In Reform Judaism, a synagogue consisting of 300 or fewer families is considered an A-Class congregation. The career of Rabbi Craig Lewis of the Mizpah Congregation in Chattanooga, Tennessee, has been mostly spent serving those synagogues.
Rabbi Lewis began his journey in a larger Jewish community in the American Midwest: the greater Kansas City area. Born in Kansas City, he was raised in the suburb of Prairie Village, Kansas.
The Jewish community of Kansas City began in 1839 when Jews settled in Wyandotte, Missouri, which was renamed Kansas City in 1889. The community founded its first synagogue, B’nai Jehudah, in 1870.
By the 21st century, many Jews from the Kansas City area had moved to suburbs like Overland Park, Kansas, which is considered the center of the area’s Jewish community and is estimated to consist of 22,100 individuals.
As Lewis explains, “There is one synagogue in Kansas City. The rest are in the Kansas suburbs.”
Lewis came from a family long established in the area. “I know it goes back at least to my great-grandparents on my mother’s side.”
After being raised in Prairie Village, Lewis attended the University of Kansas and studied business administration with a minor in French. After graduating in three years, he attended the Ecole Superieure de Commerce in Clermond-Ferrand, France.
During his stay there, the Slamas, a Tunisian Jewish family, invited him for Shabbat and holiday dinners.

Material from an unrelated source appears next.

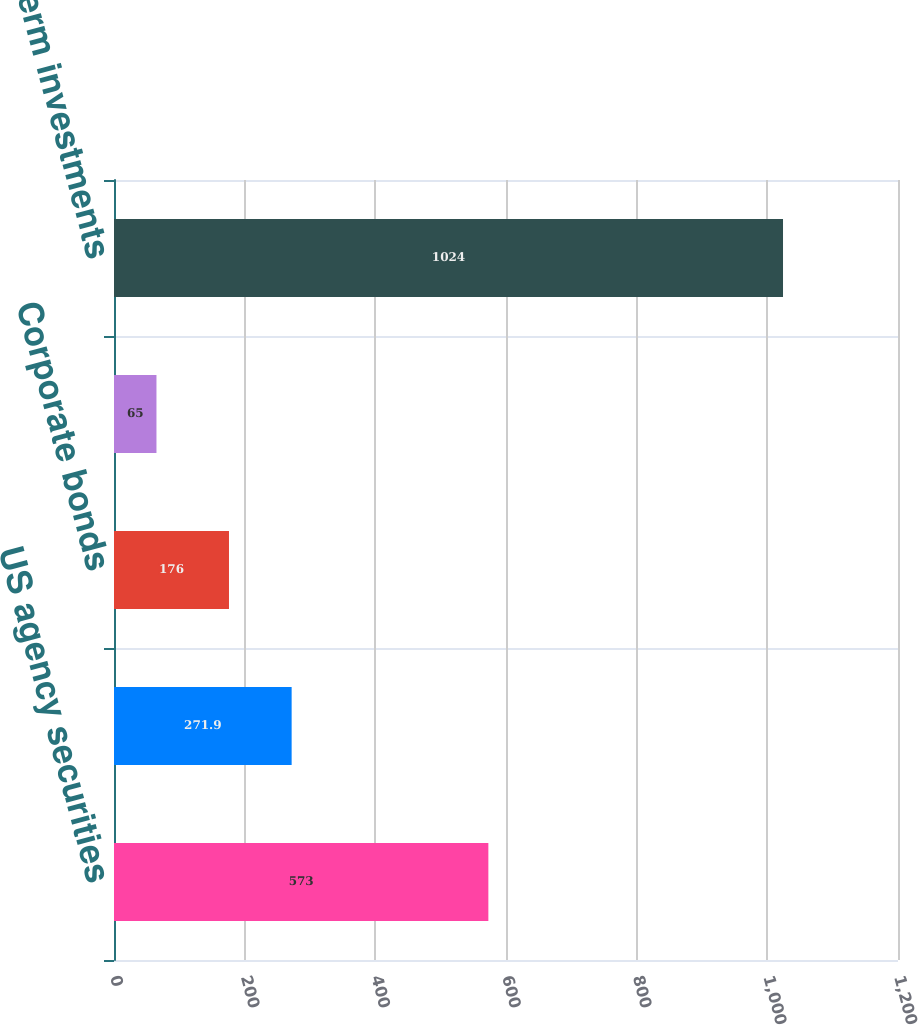<chart> <loc_0><loc_0><loc_500><loc_500><bar_chart><fcel>US agency securities<fcel>US Treasury securities<fcel>Corporate bonds<fcel>Asset-backed and other debt<fcel>Total short-term investments<nl><fcel>573<fcel>271.9<fcel>176<fcel>65<fcel>1024<nl></chart>

When Lewis’s parents visited him for Passover, the Slamas invited them as well. “My father said that it was his favorite Passover memory, being with the Slama family. ‘We did it [the Seder] in three languages – Hebrew, French and English.’”
After returning to the States, while working at a job managing customer service at a company in southern California, his attachment to Judaism grew. “All along, I was working part time in Jewish education in Orange County…I ended up really loving it,” he recounts.

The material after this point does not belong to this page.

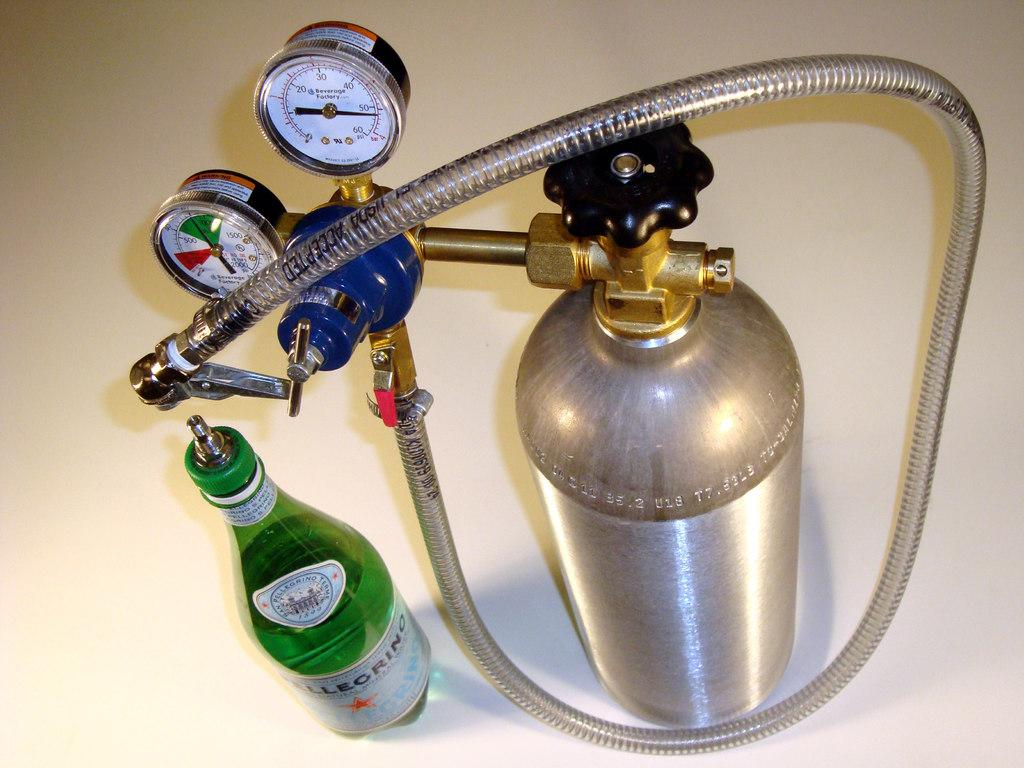What is the main object in the image? There is a cylinder with a pipe in the image. What is associated with the cylinder? There are meters associated with the cylinder. What type of bottle can be seen in the image? There is a green-colored bottle in the image. Where is the playground located in the image? There is no playground present in the image. What type of silk is used to make the bottle in the image? The image does not show a bottle made of silk, nor does it show any silk at all.

As time passed, he decided to become a Reform rabbi and applied to Hebrew Union College (HUC). He explains, “The experience of being in Jewish education and wanting to do more...I asked myself why is this a hobby and not my actual life.”
Becoming a reform rabbi
The September 11 attacks in New York cemented his desire to pursue the rabbinate. “9/11 happened, and it sort of expedited things for me. I wanted my work to have meaning, to be fulfilling.”

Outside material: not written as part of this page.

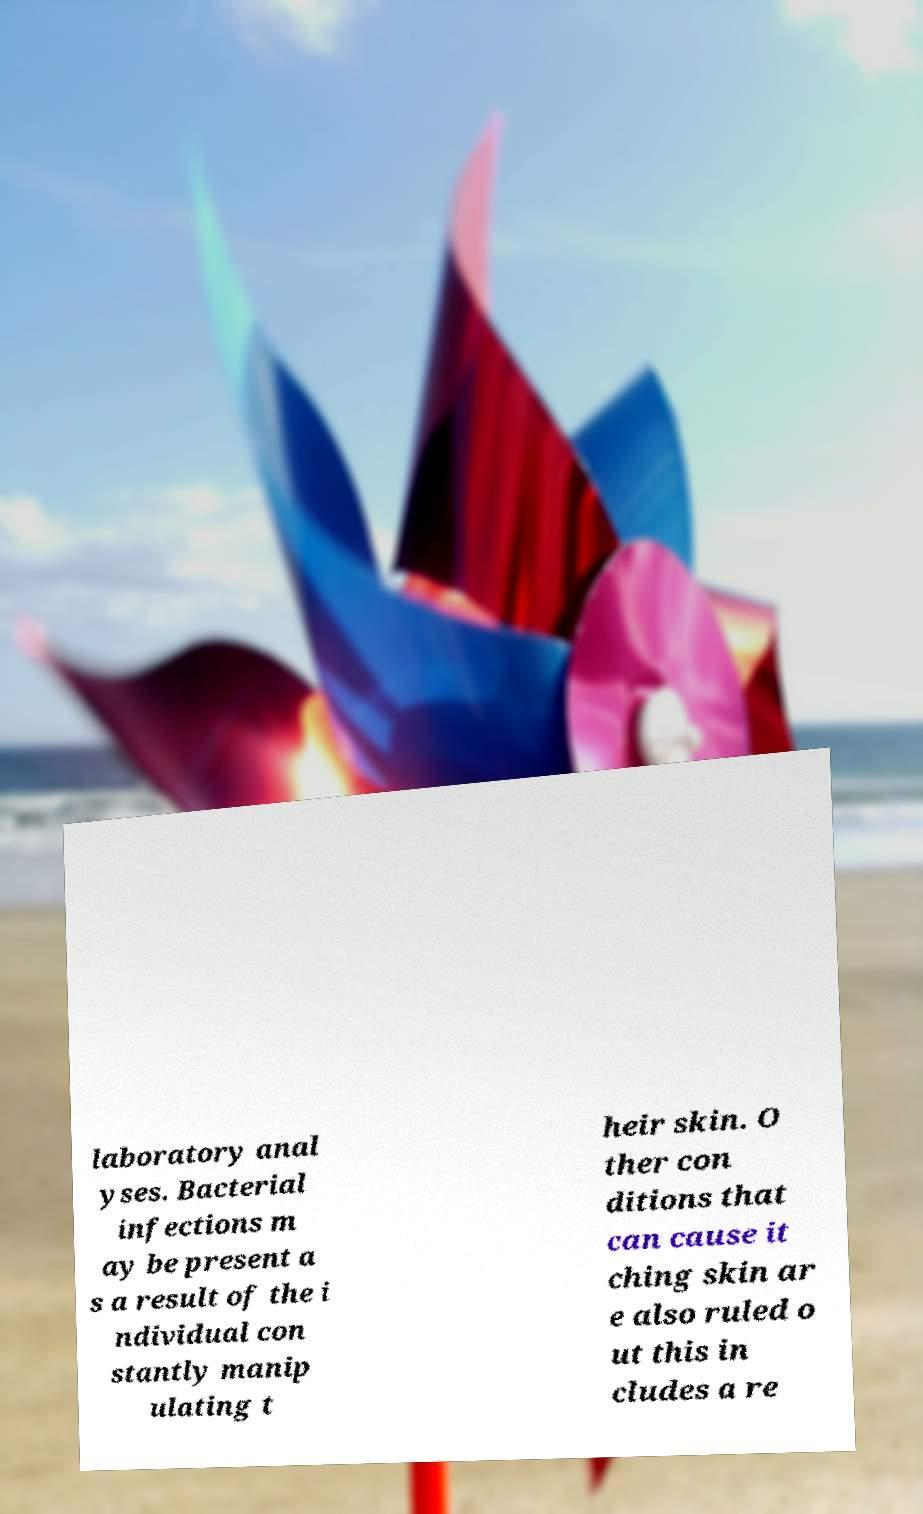Could you assist in decoding the text presented in this image and type it out clearly? laboratory anal yses. Bacterial infections m ay be present a s a result of the i ndividual con stantly manip ulating t heir skin. O ther con ditions that can cause it ching skin ar e also ruled o ut this in cludes a re

As part of his five-year program, Lewis served as a student rabbi for small Jewish communities in Mattoon, Illinois, and Muncie, Indiana. These appointments served as rabbinical internships. He worked as a student rabbi while handling his HUC course work.
“I went once a month and on the High Holy days to Mattoon…Mainly it was organizing, planning and leading the services. We always had a Torah study on Saturday.”
Mattoon, a small city in eastern Illinois, had a Jewish congregation of some 20 to 30 families.
HUC also sent him on his second rabbinical internship to Muncie, a city located in east central Indiana with a congregation of 70 to 80 families.
“That was twice a month… [I did] services, Torah study. We would do lessons with the kids on Sundays.”
Upon ordination in 2008, HUC sent him to their campus in Los Angeles to interview for his first rabbinical position.
“We had a list of congregations looking to hire. You could do up to 12 [congregations] for three days...They were one-hour interviews. It was like speed dating almost, the first round…[I] ended up in California.”
Lewis served as an assistant rabbi at Congregation Shir Ha-Ma’a lot in Irvine, California, a congregation with approximately 650 families. “I felt like I wanted the experience of learning under another rabbi first…Also to have someone I see as a mentor…I felt that I wasn’t ready at the time [to be a solo rabbi],” he explains.
After three years at Shir Ha’Maalot, Lewis sought another congregation. “It was a good match, but after three years I was ready to move on.”
The next phase in his rabbinical career led him to Congregation B’nai Jeshurun in Lincoln, Nebraska, the state capital. Founded in 1884, due to its address the synagogue is known as the South Street Temple.
This congregation served as a sea change for Lewis. He had gone from the West Coast to the heart of the Midwest and red state America. He had also become a solo rabbi at a congregation with 125 families. Lewis served there for six years.
The Jews of the South Street Temple worked in a variety of professions. “A lot of people were connected to the university [University of Nebraska]; many others worked in the state government. One guy was a lobbyist. School teachers…Lawyers. A collection of doctors.”
One family, the rabbi recalls, engaged in cattle ranching.
Serving as a rabbi in Nebraska gave him the opportunity to attend college football games. “Bob Nevsky [one of his congregants] had seats under the awning, so if it was raining or snowing, you were covered.”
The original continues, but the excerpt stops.